While it's possible that APIs developed this way could eventually be integrated back into core, it's clear that a trend is emerging. Given this trend, I believe it is crucial to consider the impact on users: at a minimum, we should create a standardized method for developing, delivering, and using these kinds of APIs to ensure a consistent user experience.

Therefore, I propose that we develop either an official standard or a guide, drawing from the work already established by the Gateway API and Network Policy projects. This could potentially include a template repository with "start here" documentation for new projects. However, I think it's more important to align on the "what" and "why" before diving into the "how."

If you agree with the following:

  • What: Creating a standard or guide for developing APIs in a similar way to what we have done organically with Gateway API and Network Policy.
  • Why: Because a trend for this has emerged, and a consistent user experience is important.

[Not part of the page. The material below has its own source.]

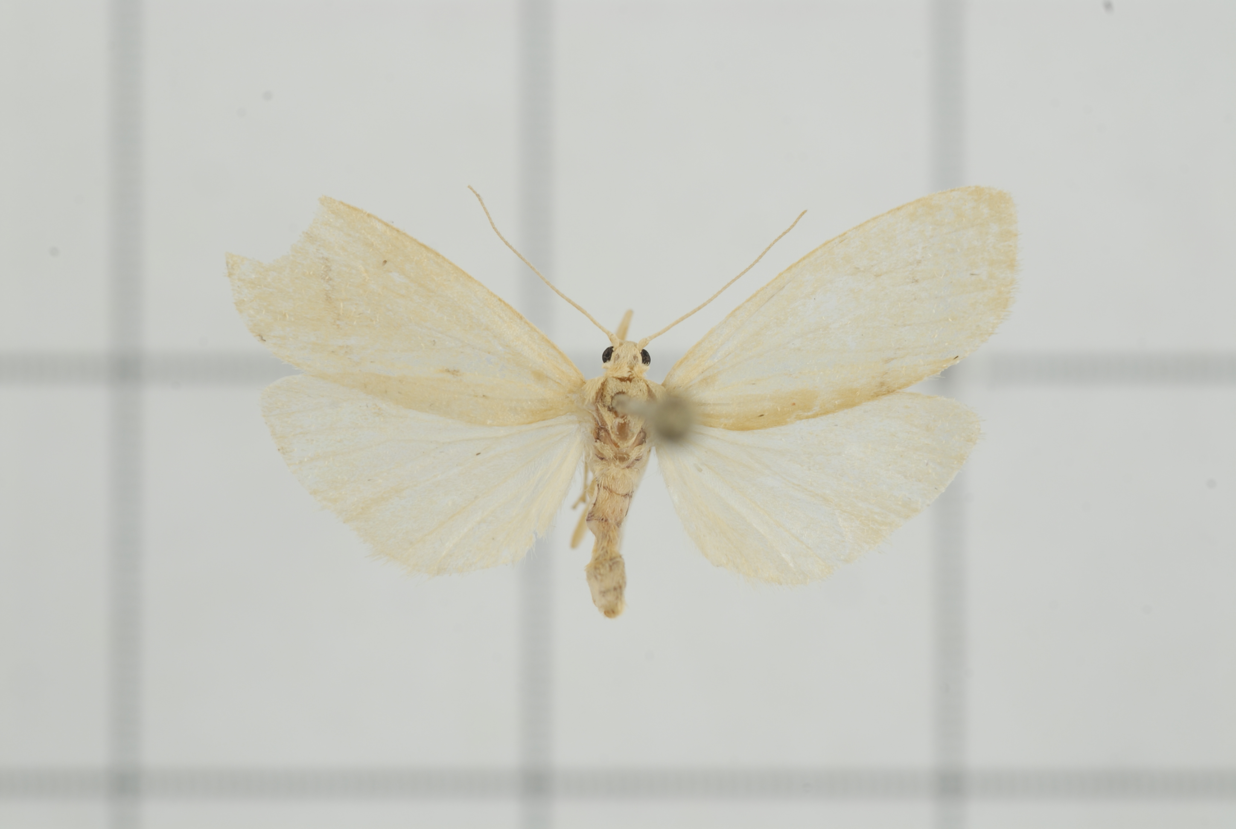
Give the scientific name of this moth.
Notata parva
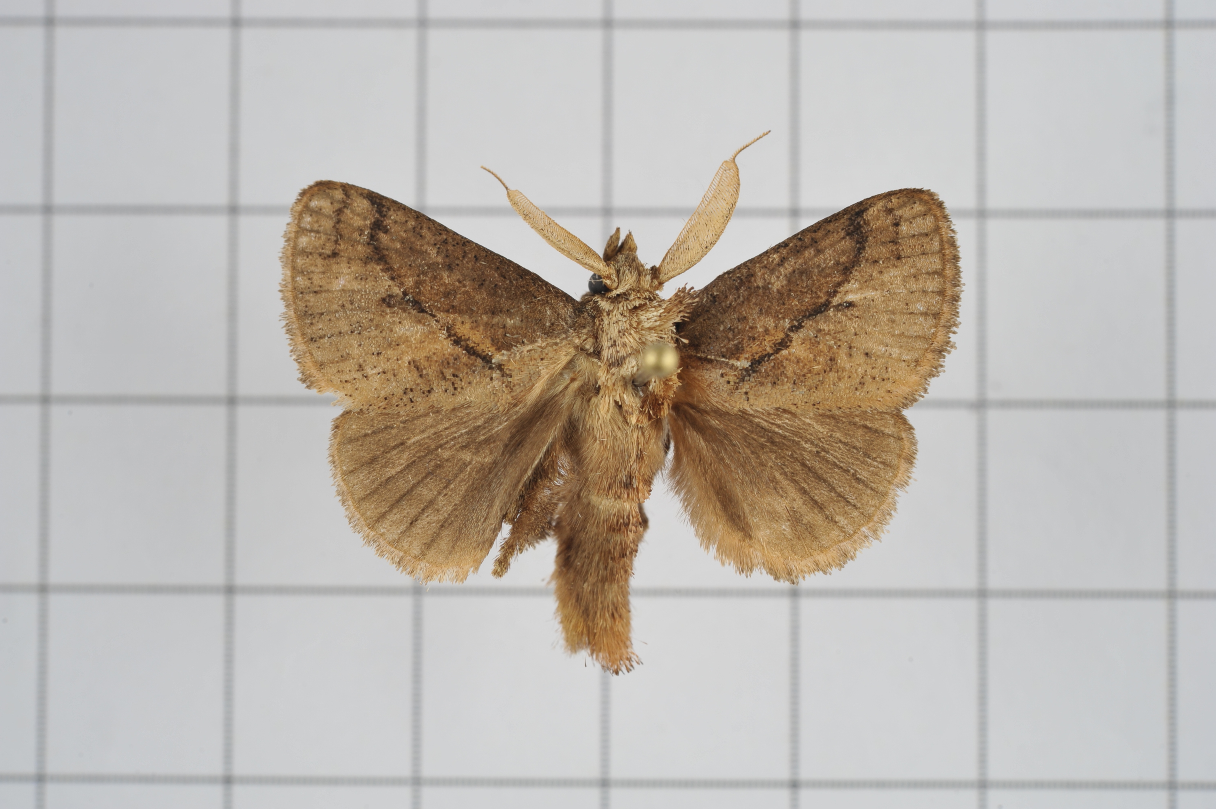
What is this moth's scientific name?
Susica sinensis

Please show your support! If you have concerns or do not agree, please share your thoughts.

I recognize that this initiative may extend beyond just SIG Network, but I am starting here. If there is general support, my intention is to draft a KEP which covers the "how" and share it broadly across the organization for further feedback.

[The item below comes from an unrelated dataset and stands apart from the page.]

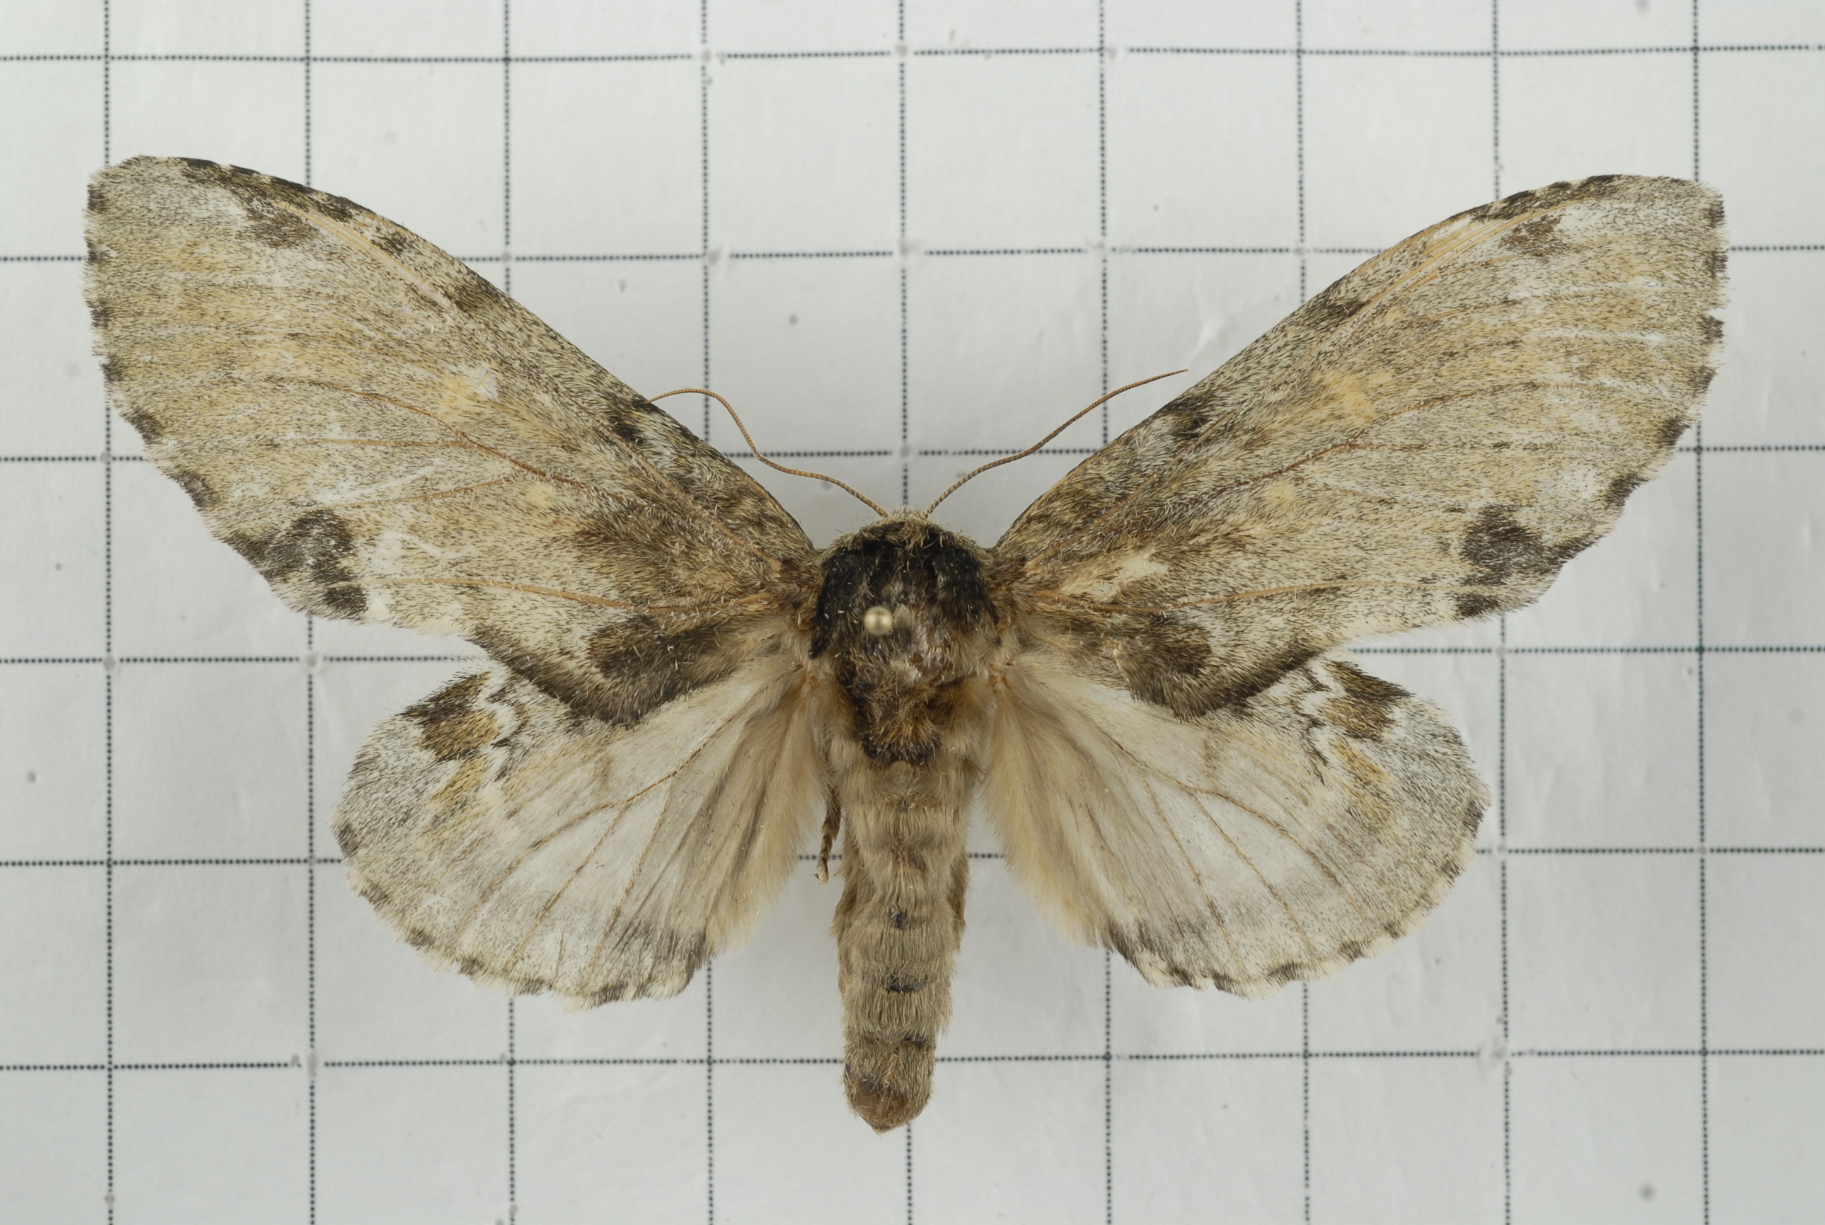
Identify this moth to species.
Peridea moorei ochreipennis
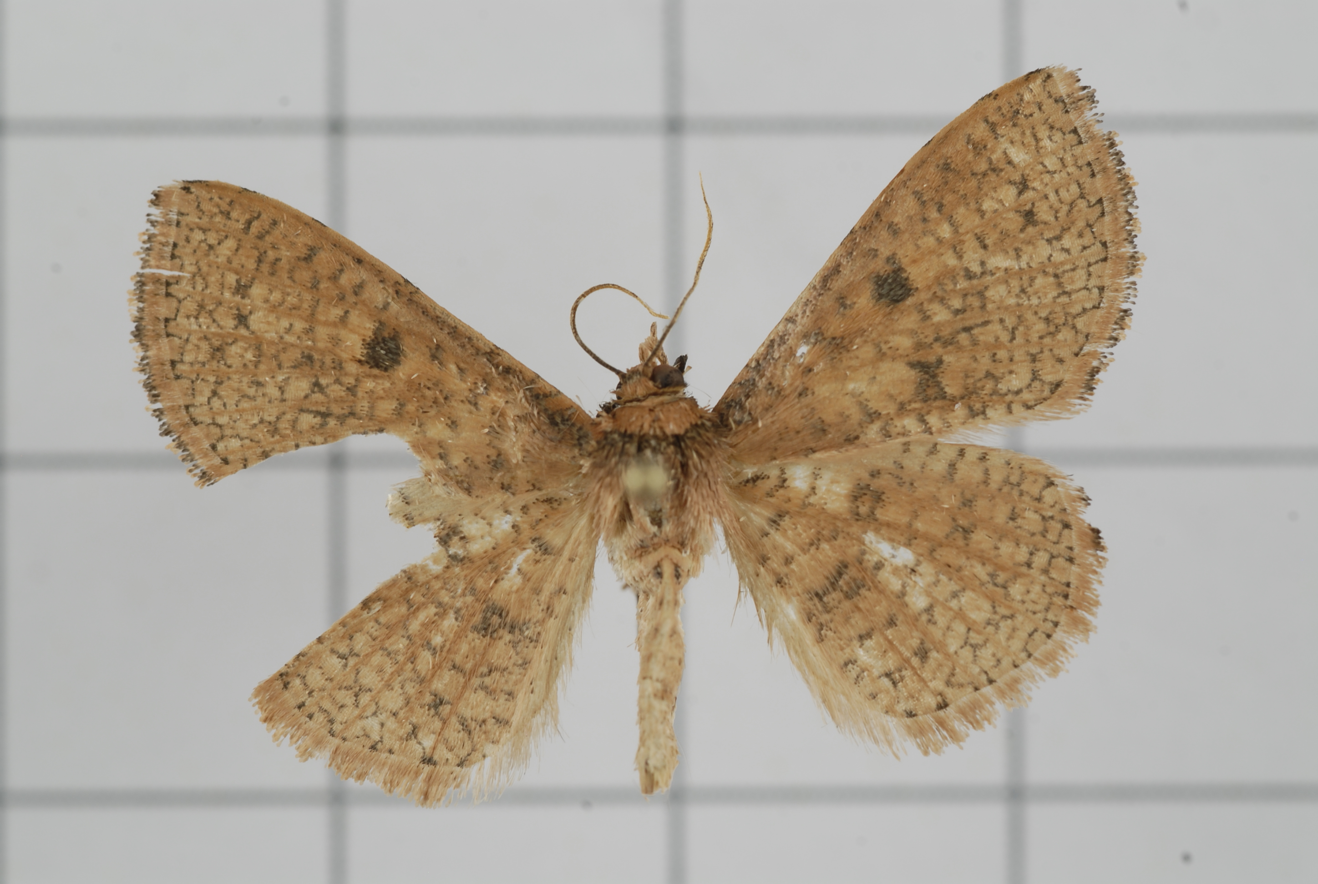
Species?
Herimba formosa

Looking forward to your feedback!

Shane

Mike Morris

unread,
Jul 3, 2024, 2:58:39 PM7/3/24
to kubernetes-sig-network
+1

I don't think we've figured out a _perfect_ pattern for doing this in Gateway API yet, but aiming for a consistent approach across similarly-situated out-of-tree projects (thinking of SIG-Multicluster's MCS API as a potential next step beyond SIG-Network) could be a big benefit for end users.

-Mike

Costin Manolache

unread,
Jul 3, 2024, 3:44:53 PM7/3/24
to Mike Morris, kubernetes-sig-network
While the Gateway API does define this pattern - I am not sure it is at all clear how it impacts users and if it is something that can be generalized.

Even for Gateway, there are big differences between implementations and I don't think we've seen a lot of feedback from users who attempt
to move from one implementation or another, or write helm or manifests that include optional CRDs/features and attempt to use them
on different clusters with different implementations and feature sets. 

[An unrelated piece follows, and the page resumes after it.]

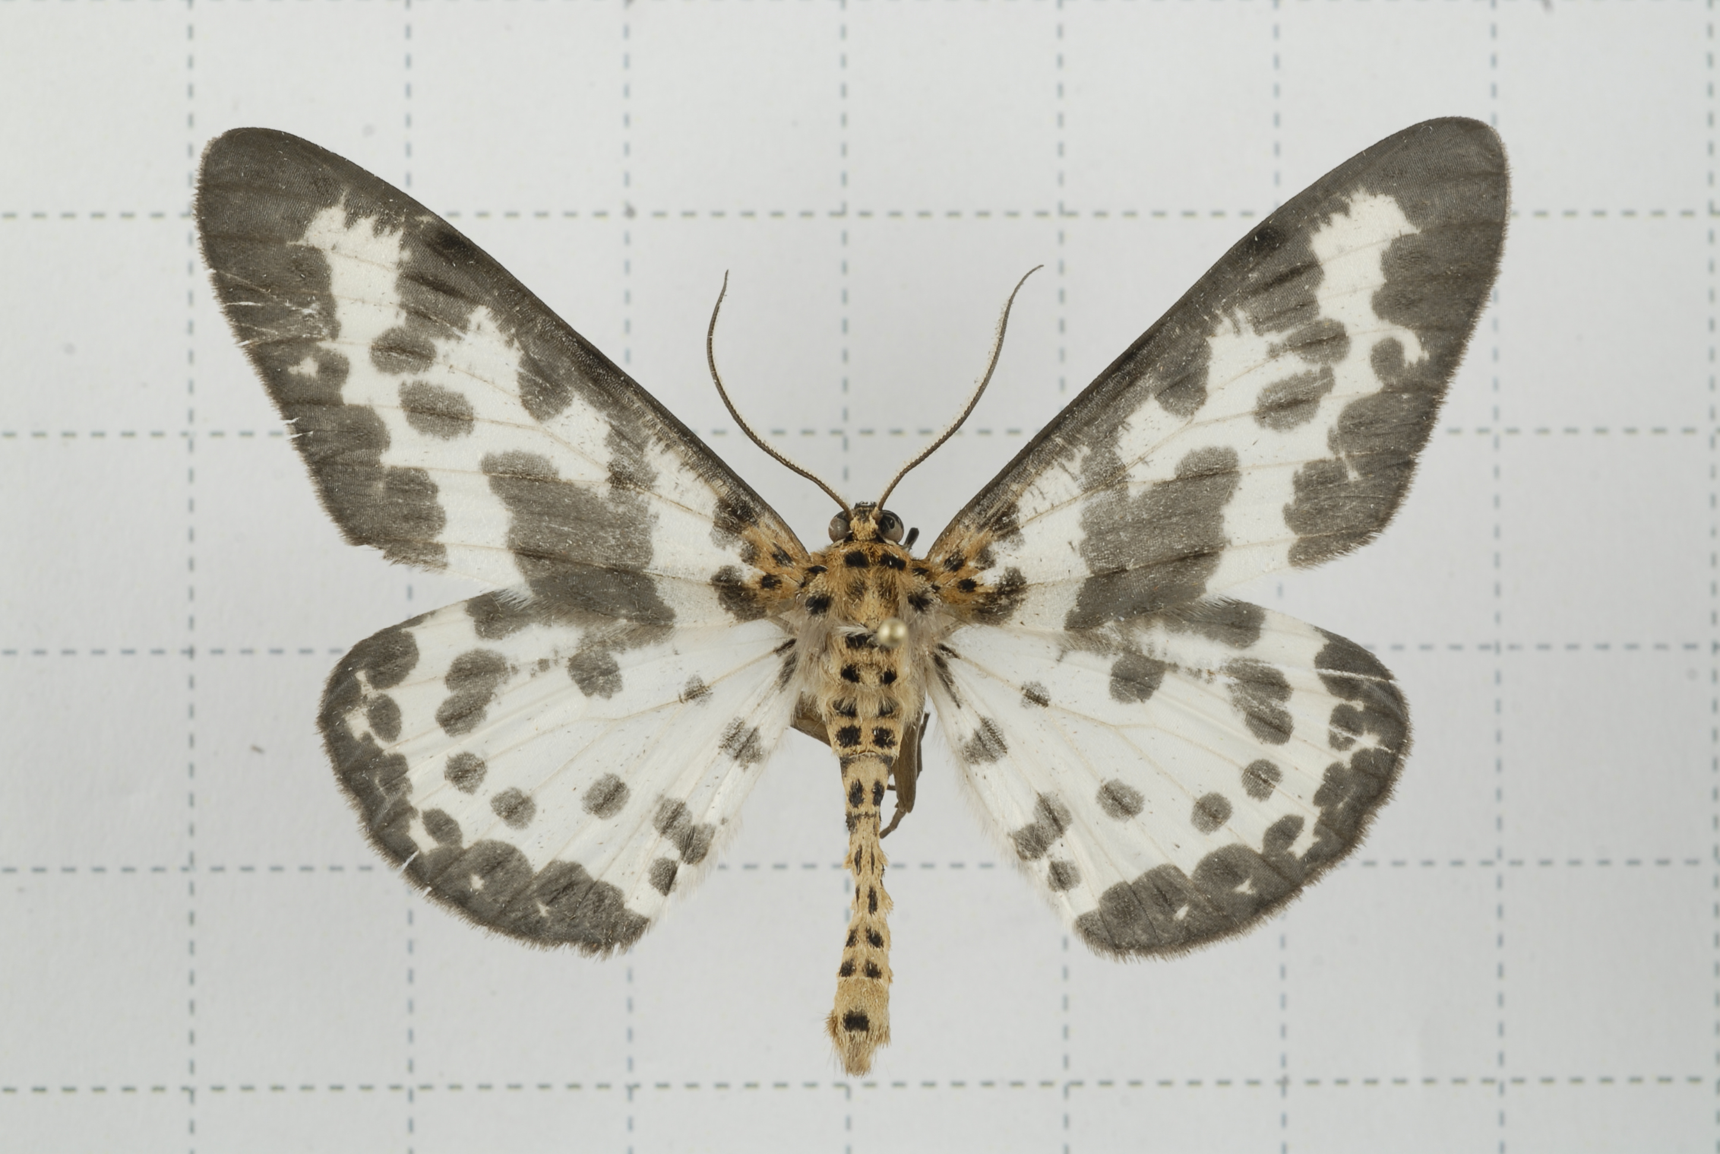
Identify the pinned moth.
Percnia longitermen

So it would be great to be very very clear about the operational and security risks before marketing this as a 
best practice, in particular the core/optional fields and features in a CRD that may be used for security or critical operations, with 
a model of accepting the resource and expecting users to check the status to find which fields worked and which didn't. 

Costin

--
You received this message because you are subscribed to the Google Groups "kubernetes-sig-network" group.
To unsubscribe from this group and stop receiving emails from it, send an email to kubernetes-sig-ne...@googlegroups.com.
To view this discussion on the web visit https://groups.google.com/d/msgid/kubernetes-sig-network/8bfe76a7-44a3-4dcc-a593-2ba76dbd1aa4n%40googlegroups.com.

Shane Utt

unread,
Jul 3, 2024, 4:20:06 PM7/3/24
to kubernetes-sig-network
Thank you for highlighting the importance of considering the downsides and risks associated with this approach, Costin. These will definitely need to be detailed in our larger proposal. The community is aware, and has been sharing problems and issues with the CRD approach, particularly since Gateway API went GA. Somewhat ironically, I myself have several reservations about the CRD approach and still have some lingering desire to see more in-tree development in the future. That said, and in spite of my own issues and reservations, I am committed to ensuring that what we have here and now works as well as is feasible. Hopefully the high level motivation itself sounds good, even if there's more details to iron out. We'd appreciate having you participate in a larger proposal and help us enumerate the downsides and risks.

Flynn -

unread,
Jul 3, 2024, 4:52:56 PM7/3/24
to Shane Utt, kubernetes-sig-network
I definitely agree that exploring the idea is a great plan, including taking a good hard look at the downsides. [ ;) ]
​ -- Flynn

Benjamin Elder

unread,
Jul 3, 2024, 7:05:42 PM7/3/24
to Shane Utt, kubernetes-sig-network
I think if you're going to call it anything like "Kubernetes Certified" this really should be going through SIG Arch as this will have overlap with approved APIs and the conformance program.

I do think this is a topic we should be talking about, just in broader scope than sig-net

+kubernetes-sig-architecture 

Costin Manolache

unread,
Jul 3, 2024, 7:31:01 PM7/3/24
to Benjamin Elder, Shane Utt, kubernetes-sig-network
Very good point - how to test conformance of all permutations of optional fields, and general usability and complexity if never knowing what you'll get 
are some of the serious problems. 

I think Gateway is solving this by only testing the 'core' APIs - which are required, and vendors can implement any mix of optional APIs they want
and document it somewhere.  Some core APIs also have optional fields - and it is not unreasonable - just the magnitude is different. I mostly 
gave up on Gateway and starting to appreciate Istio APIs far more...

Costin



Nick Young

unread,
Jul 3, 2024, 8:49:42 PM7/3/24
to Costin Manolache, Benjamin Elder, Shane Utt, kubernetes-sig-network
I definitely agree that folks are starting to use Gateway API patterns (or at least derivations of them) in other spaces, so it's a good time to stop and think about what's worked and what hasn't. Definitely also agree that SIG-Arch should be deeply involved.

Costin said:
> I think Gateway is solving this by only testing the 'core' APIs - which are required, and vendors can implement any mix of optional APIs they want
> and document it somewhere.  Some core APIs also have optional fields - and it is not unreasonable - just the magnitude is different.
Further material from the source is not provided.